AMICI
“Corpi. Sudori. Sguardi. Ammiccamenti. Effusioni. Voluttà. Desideri. Erotismo. Perversioni. Amori. Illusioni. Feticismi. Godimenti. Sogni. Una volta, di tutto questo ben di Dio, ne parlava con malizia poetica Pier Paolo Pasolini. Oggi, lo fa, con diabolica maestria, Maria De Filippi. “Amici” è la messa in scena di “Ragazzi di vita”. “Amici” è quanto più di neo pasoliniano si possa vedere in tv. E Maria, come Pier Paolo, fa paura.
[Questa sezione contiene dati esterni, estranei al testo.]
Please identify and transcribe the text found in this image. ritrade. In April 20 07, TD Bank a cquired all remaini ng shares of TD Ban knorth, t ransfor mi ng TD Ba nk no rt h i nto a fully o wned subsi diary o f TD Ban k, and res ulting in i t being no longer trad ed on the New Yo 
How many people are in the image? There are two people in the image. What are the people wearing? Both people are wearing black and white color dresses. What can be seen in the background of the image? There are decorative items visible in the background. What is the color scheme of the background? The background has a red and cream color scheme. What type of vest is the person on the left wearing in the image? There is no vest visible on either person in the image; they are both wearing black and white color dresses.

Tanta paura”. Scrissi queste poche righe qualche mese fa sul Foglio e la mia posta elettronica venne subito invasa da insulti, offese, patetiche e ideologiche riflessioni, cialtronerie scritte da chi ama l’ordine fisso delle cose e ha paura di innamorarsi delle ragioni altrui. Con alcuni “detrattori” della De Filippi ho provato a confrontarmi via email, con altri ho discusso liberamente all’interno del mio programma su Rtl 102.5, con taluni è stato impossibile parlare perchè, militando nel pregiudizio, liquidavano la questione più o meno così: “Amici è un programma diseducativo e il cinismo della sua conduttrice è pericoloso”. Dopo la vittoria di Valerio Scanu a Sanremo, in molti si sono sintonizzati su Canale 5, magari spinti solo dalla curiosità, per tentare di capire le ragioni di un successo che né gli addetti ai lavori né i critici più disinvolti riescono a decifrare con profondità e coraggio. I motivi dello snobismo di molti sono da imputare alla pigrizia con cui si affrontano le novità mediatiche del nostro tempo, relegandole, prima ancora di comprenderle, come operazioni di comunicazione e quindi prive di un valore culturale. E’ un peccato che non si comprenda che all’interno di “Amici” si sviluppano gli ideali, i valori e il codice di comportamento di una generazione che attraverso il “successo” tenta di esorcizzare le sue fragilità e le sue solitudini.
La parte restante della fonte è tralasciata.